**Task description**: Once you find the line with "Query: the toy airplane [715,458,779,526]" in the listing below, set down exactly every line from it through the line with "Please estimate a", but no pictures.

──────── Data provided ────────

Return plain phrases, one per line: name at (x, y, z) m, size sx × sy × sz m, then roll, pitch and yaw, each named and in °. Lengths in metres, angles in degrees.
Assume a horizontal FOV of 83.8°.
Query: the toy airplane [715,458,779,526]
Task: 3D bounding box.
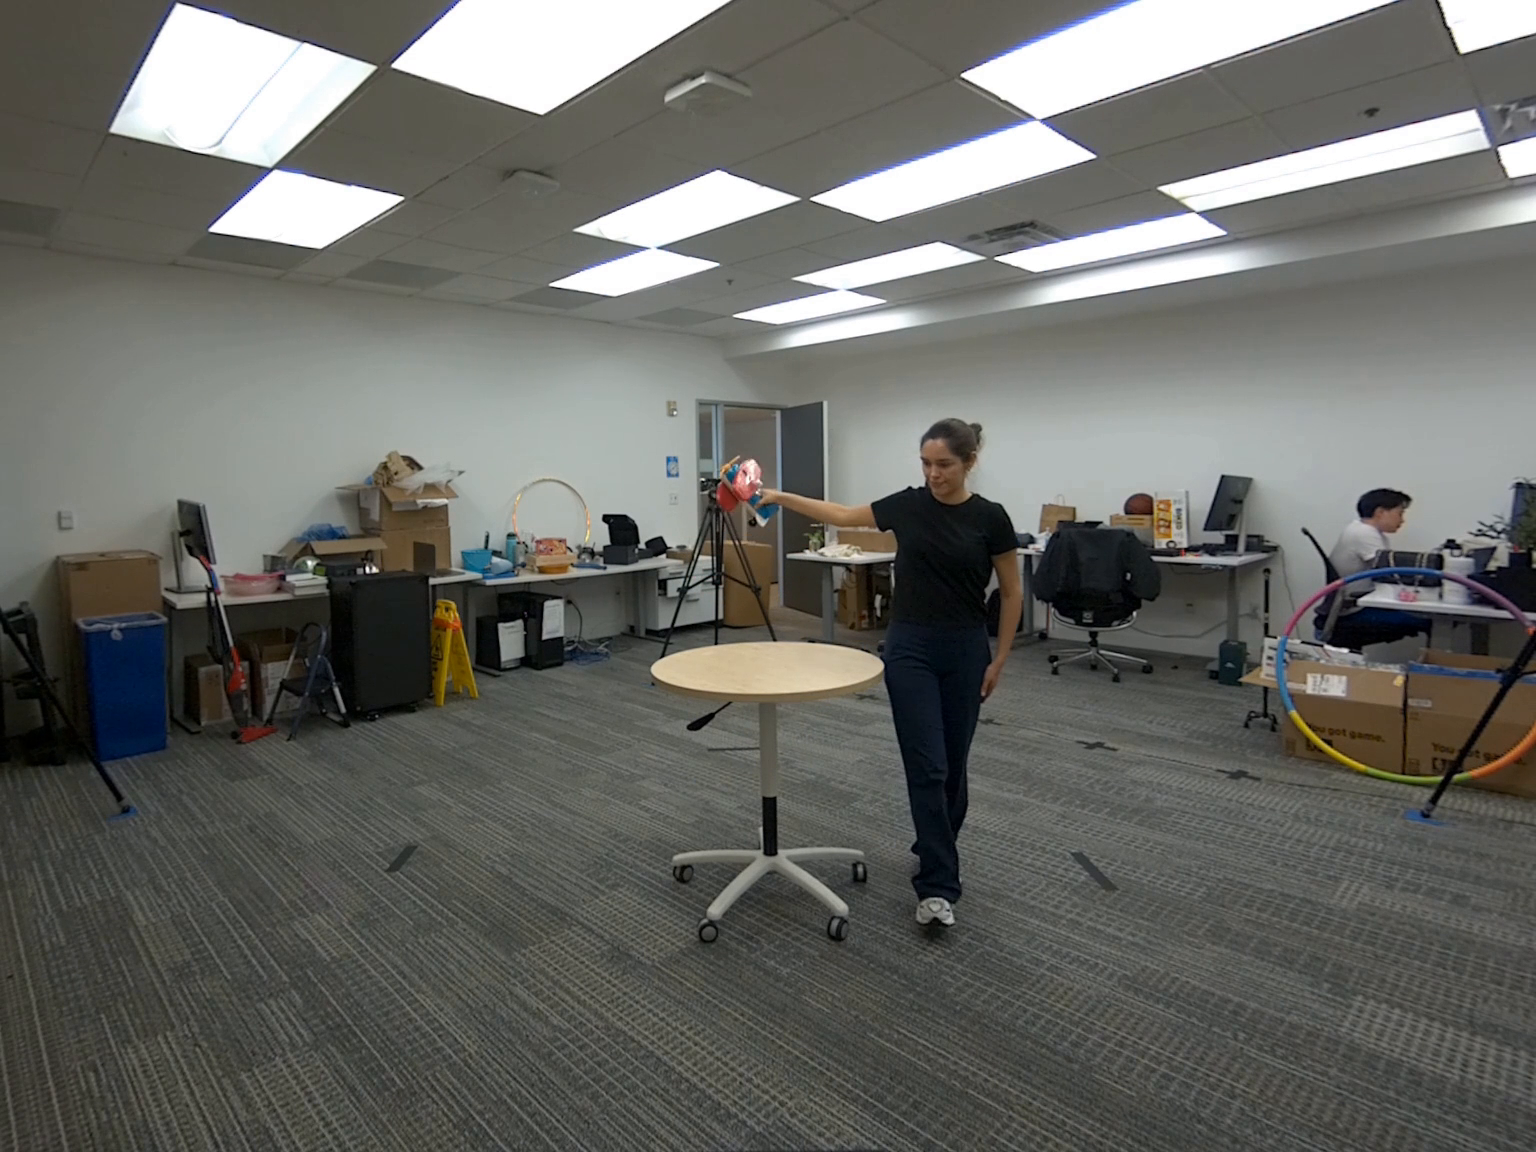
toy airplane at (-0.089, -0.307, 3.169) m, size 0.251 × 0.259 × 0.156 m, roll 20°, pitch -49°, yaw -30°
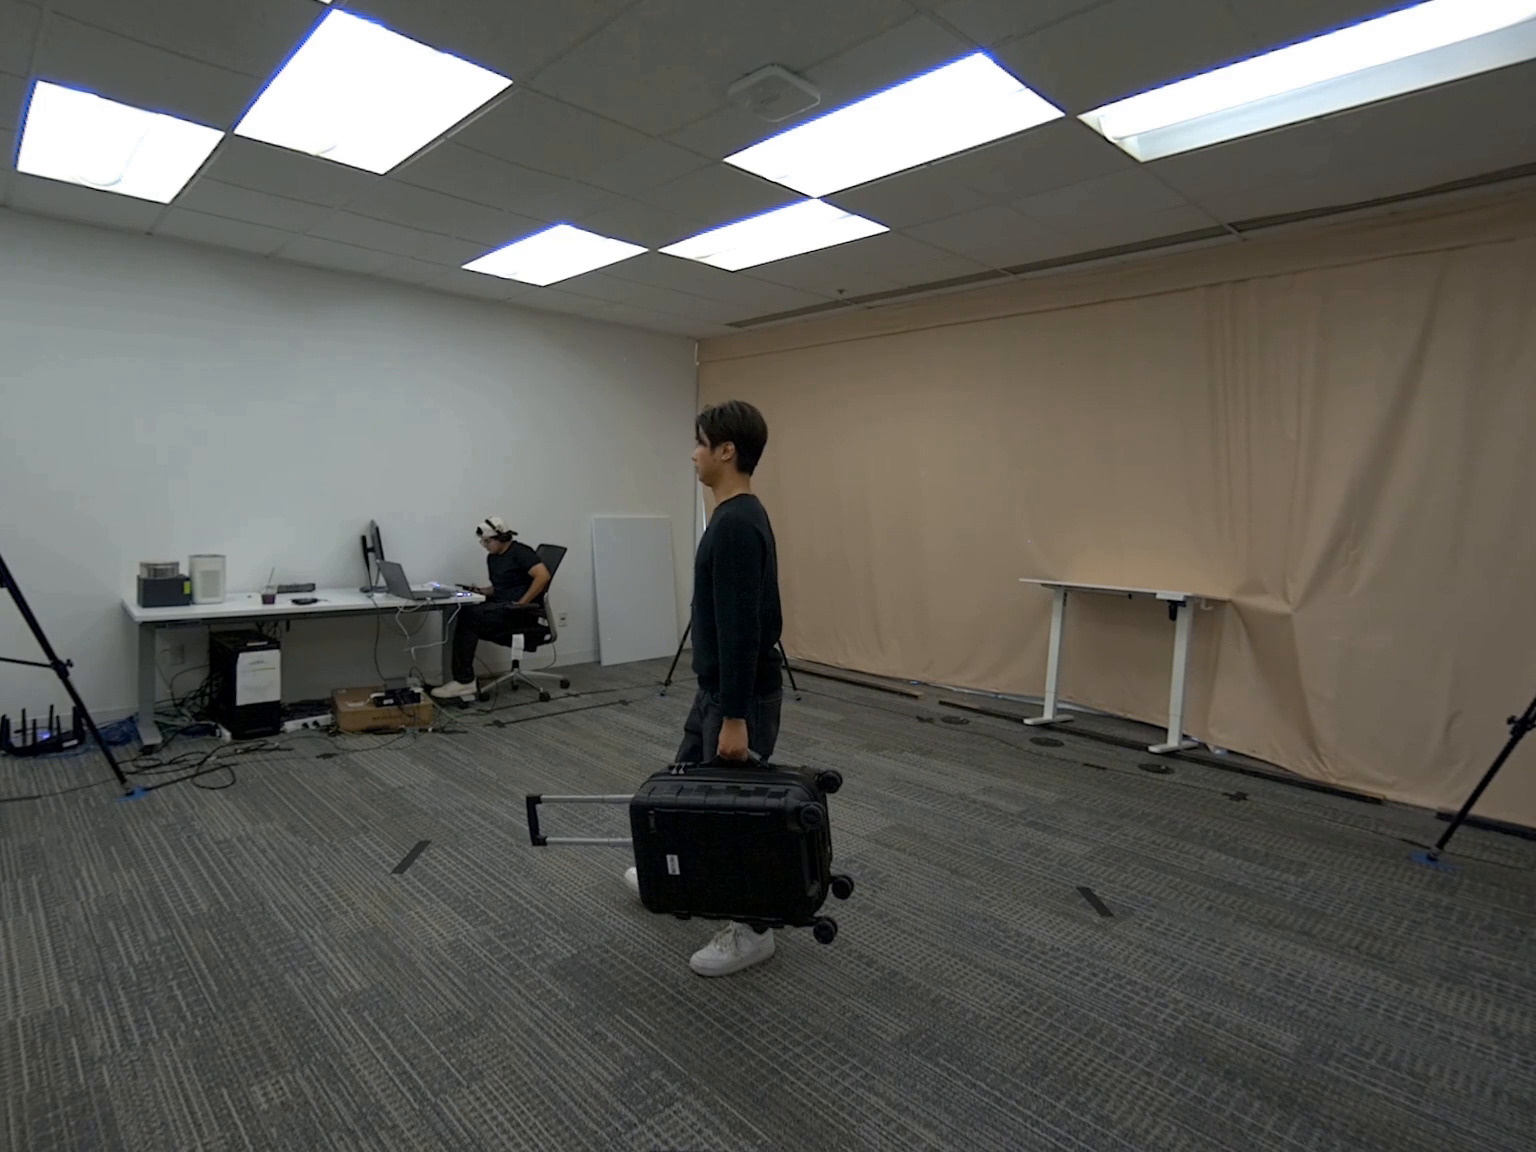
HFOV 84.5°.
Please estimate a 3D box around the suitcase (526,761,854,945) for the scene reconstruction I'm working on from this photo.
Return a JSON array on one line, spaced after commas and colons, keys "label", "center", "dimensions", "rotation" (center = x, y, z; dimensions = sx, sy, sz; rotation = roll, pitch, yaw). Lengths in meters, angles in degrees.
[{"label": "suitcase", "center": [-0.289, 0.723, 2.301], "dimensions": [0.992, 0.382, 0.255], "rotation": [-4, 6, 19]}]
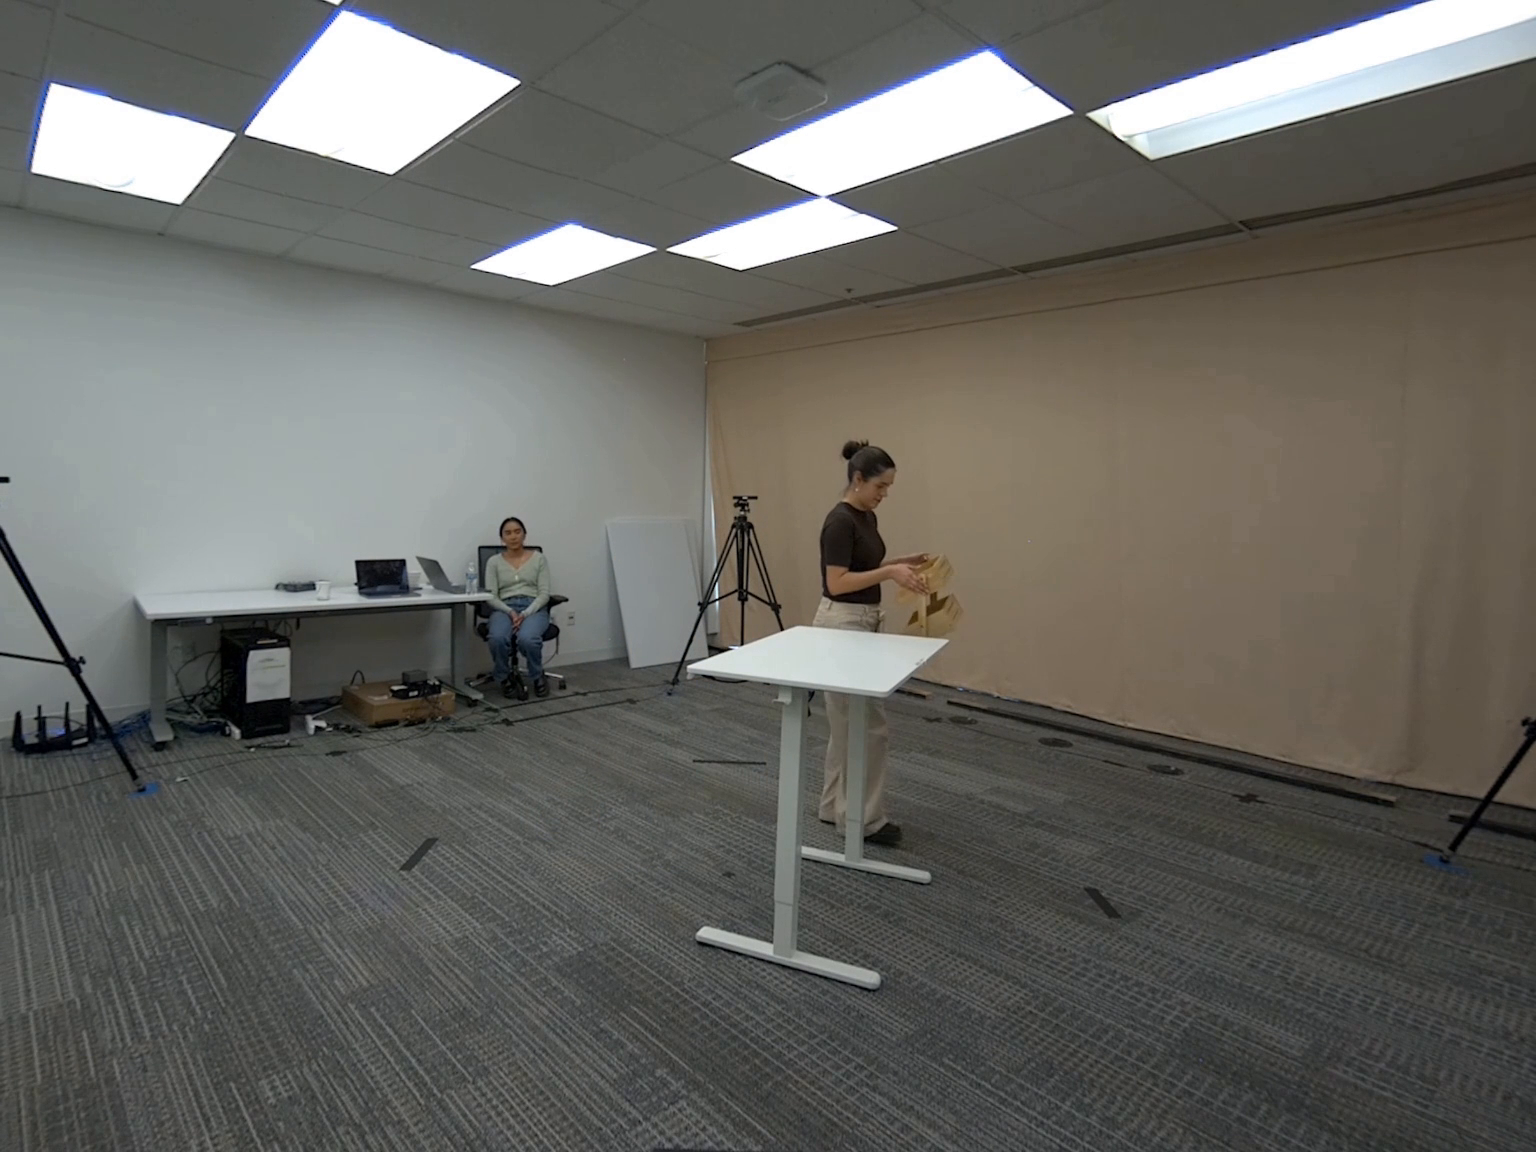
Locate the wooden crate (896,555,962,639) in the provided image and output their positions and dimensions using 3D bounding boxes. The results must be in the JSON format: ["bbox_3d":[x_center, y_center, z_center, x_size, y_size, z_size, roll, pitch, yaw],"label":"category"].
[{"bbox_3d":[0.624,0.111,3.487,0.304,0.273,0.322,-29,0,23],"label":"wooden crate"}]
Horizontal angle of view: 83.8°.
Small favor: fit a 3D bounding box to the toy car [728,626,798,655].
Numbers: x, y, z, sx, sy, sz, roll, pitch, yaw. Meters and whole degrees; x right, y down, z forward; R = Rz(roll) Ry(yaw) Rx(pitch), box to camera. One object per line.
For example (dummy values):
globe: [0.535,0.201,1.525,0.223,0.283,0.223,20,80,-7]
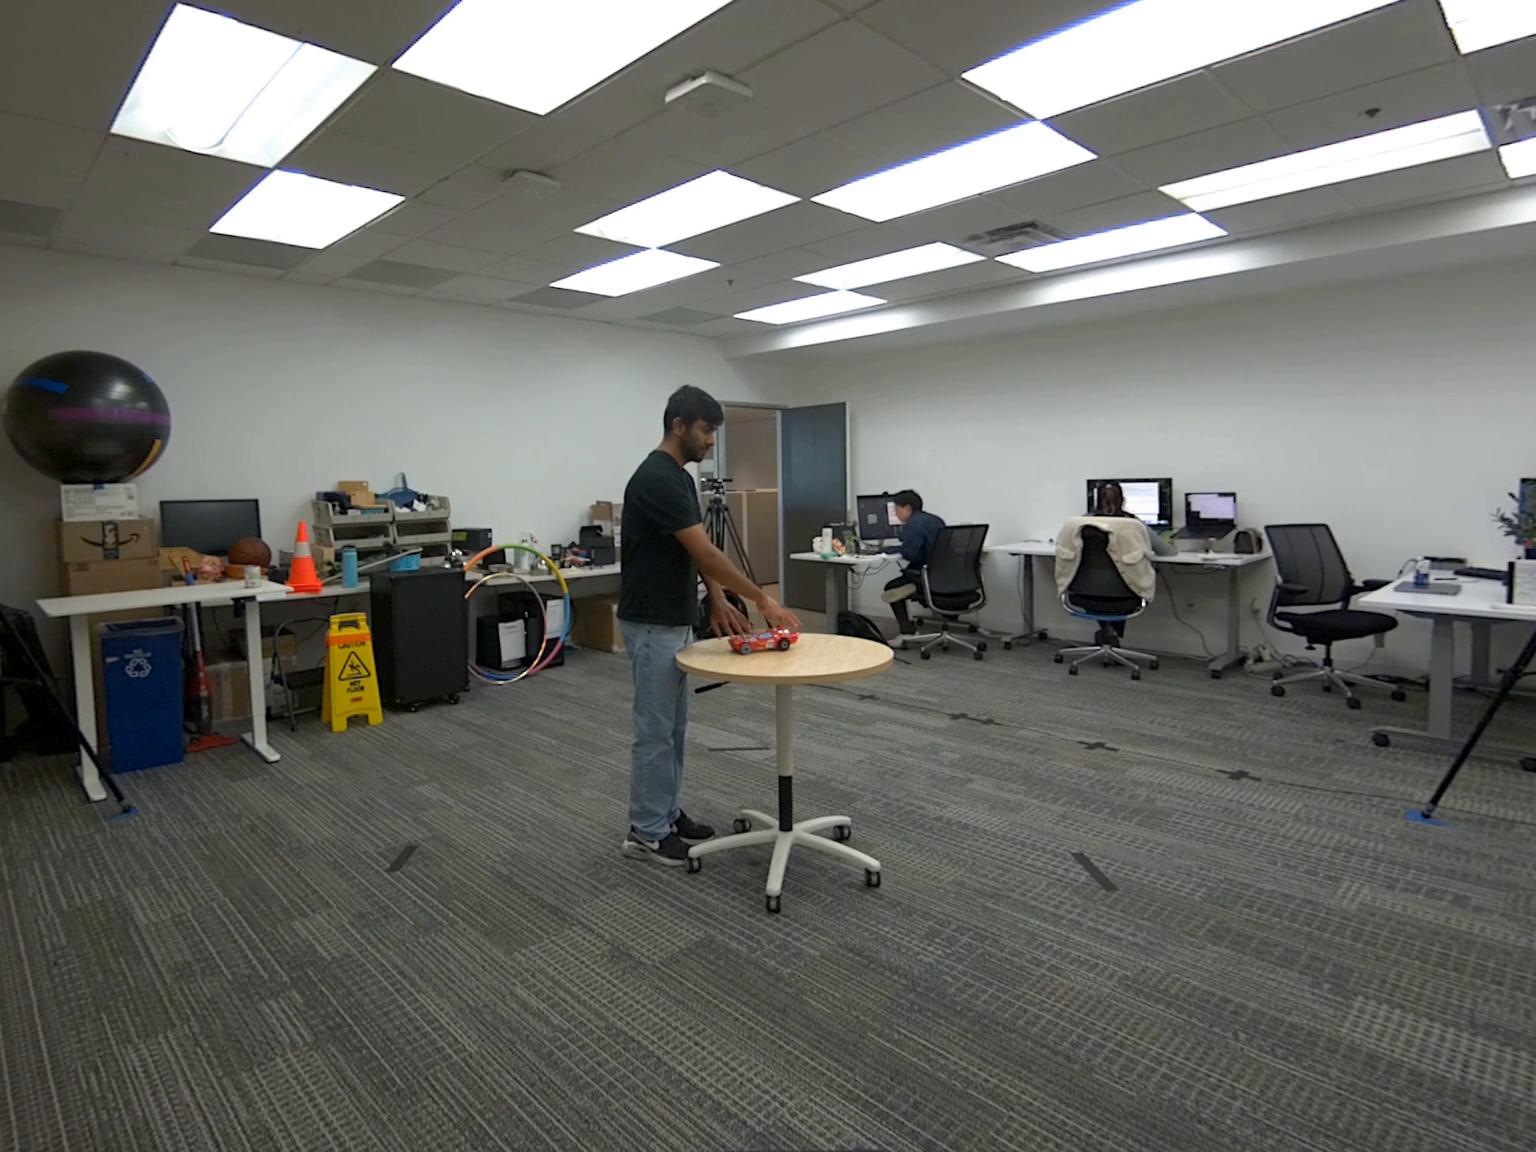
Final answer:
toy car: [-0.008,0.232,3.060,0.251,0.082,0.133,-15,10,-18]

────────

**Response below**:
Query: the toy airplane [715,458,779,526]
Task: 3D bounding box.
toy airplane at (-0.089, -0.307, 3.169) m, size 0.251 × 0.259 × 0.156 m, roll 20°, pitch -49°, yaw -30°
HFOV 84.5°.
Please estimate a 3D box around the suitcase (526,761,854,945) for the scene reconstruction I'm working on from this photo.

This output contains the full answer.